*** Begin section ***

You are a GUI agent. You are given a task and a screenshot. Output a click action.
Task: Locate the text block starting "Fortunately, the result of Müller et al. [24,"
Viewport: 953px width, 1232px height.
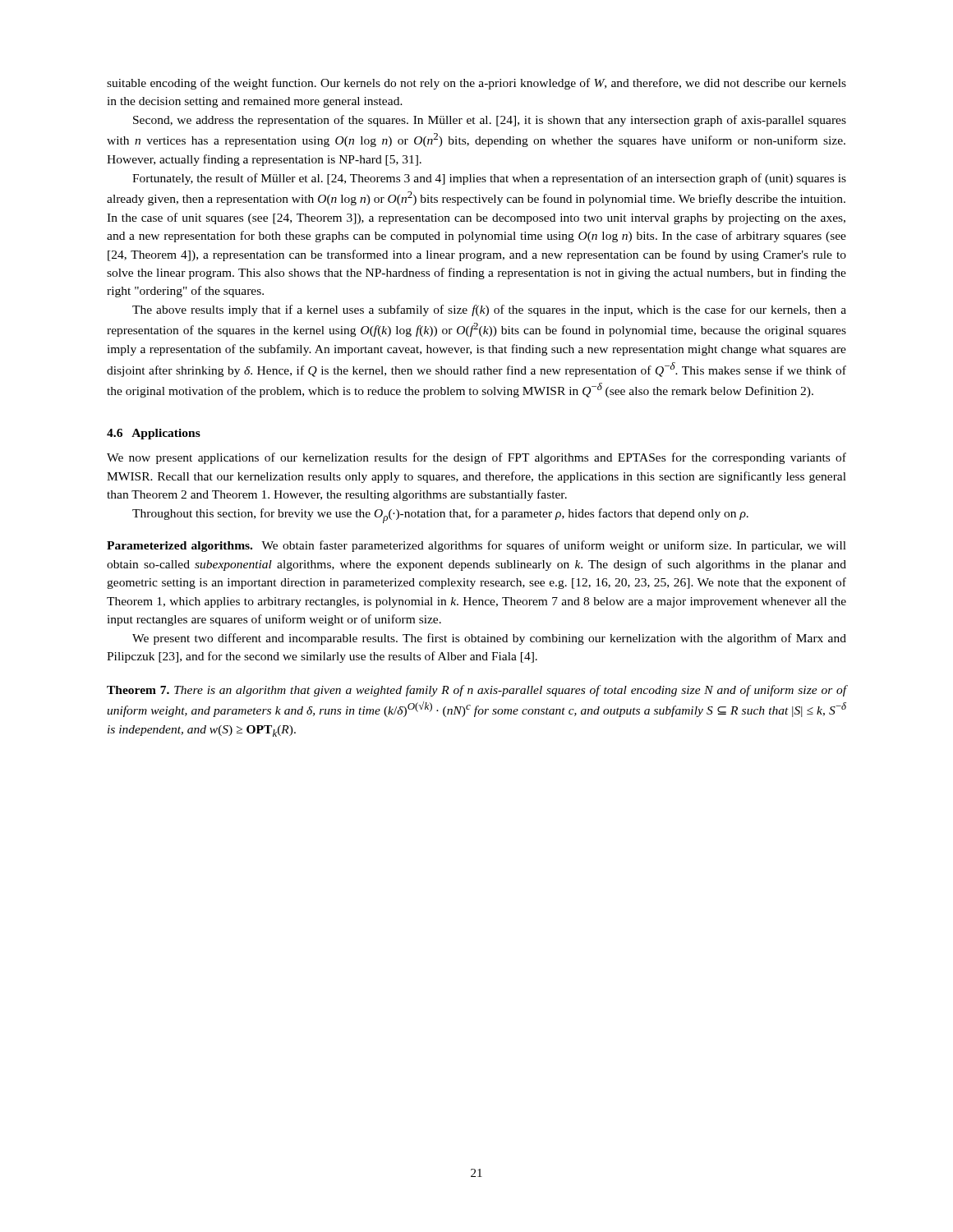coord(476,235)
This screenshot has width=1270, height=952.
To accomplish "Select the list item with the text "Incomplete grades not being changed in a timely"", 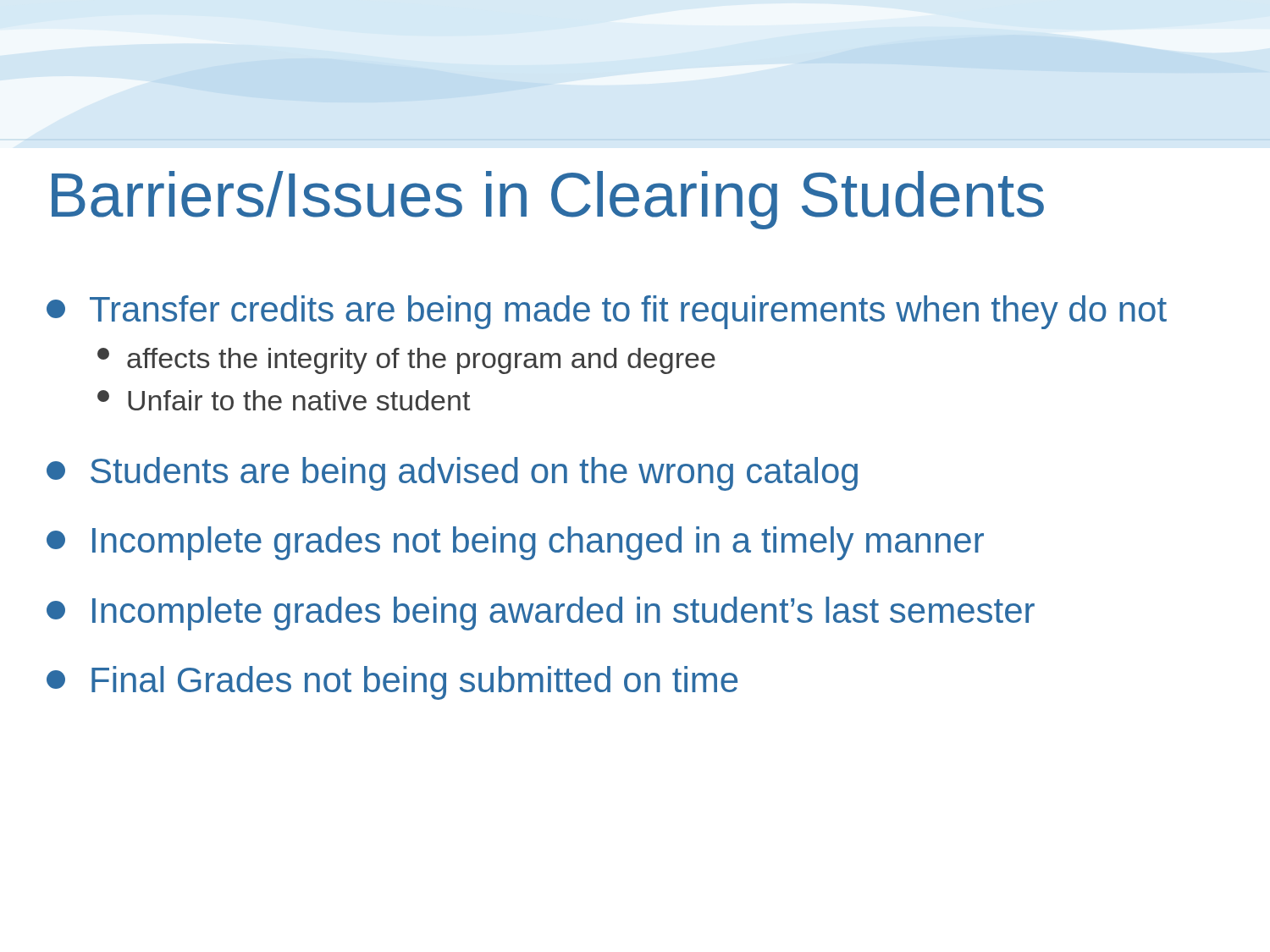I will coord(635,541).
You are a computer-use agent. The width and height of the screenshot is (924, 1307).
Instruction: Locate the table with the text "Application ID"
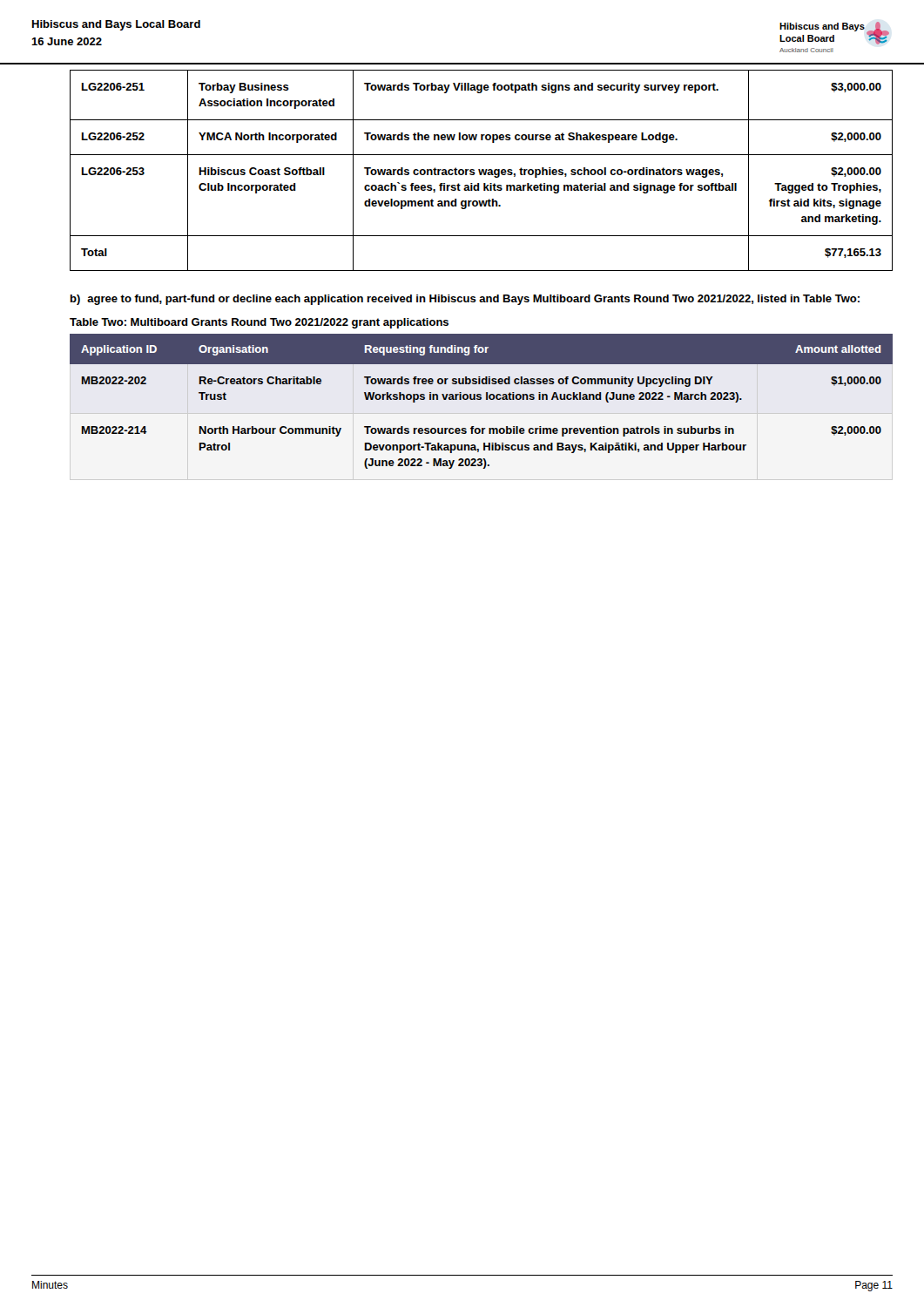coord(481,407)

*** End section ***

The string "screenshot" shows up in some lines of the listing. Copy each such line.

You are a GUI agent. You are given a task and a screenshot. Output a click action.
This screenshot has width=1270, height=952.
You are a computer-use agent. The width and height of the screenshot is (924, 1307).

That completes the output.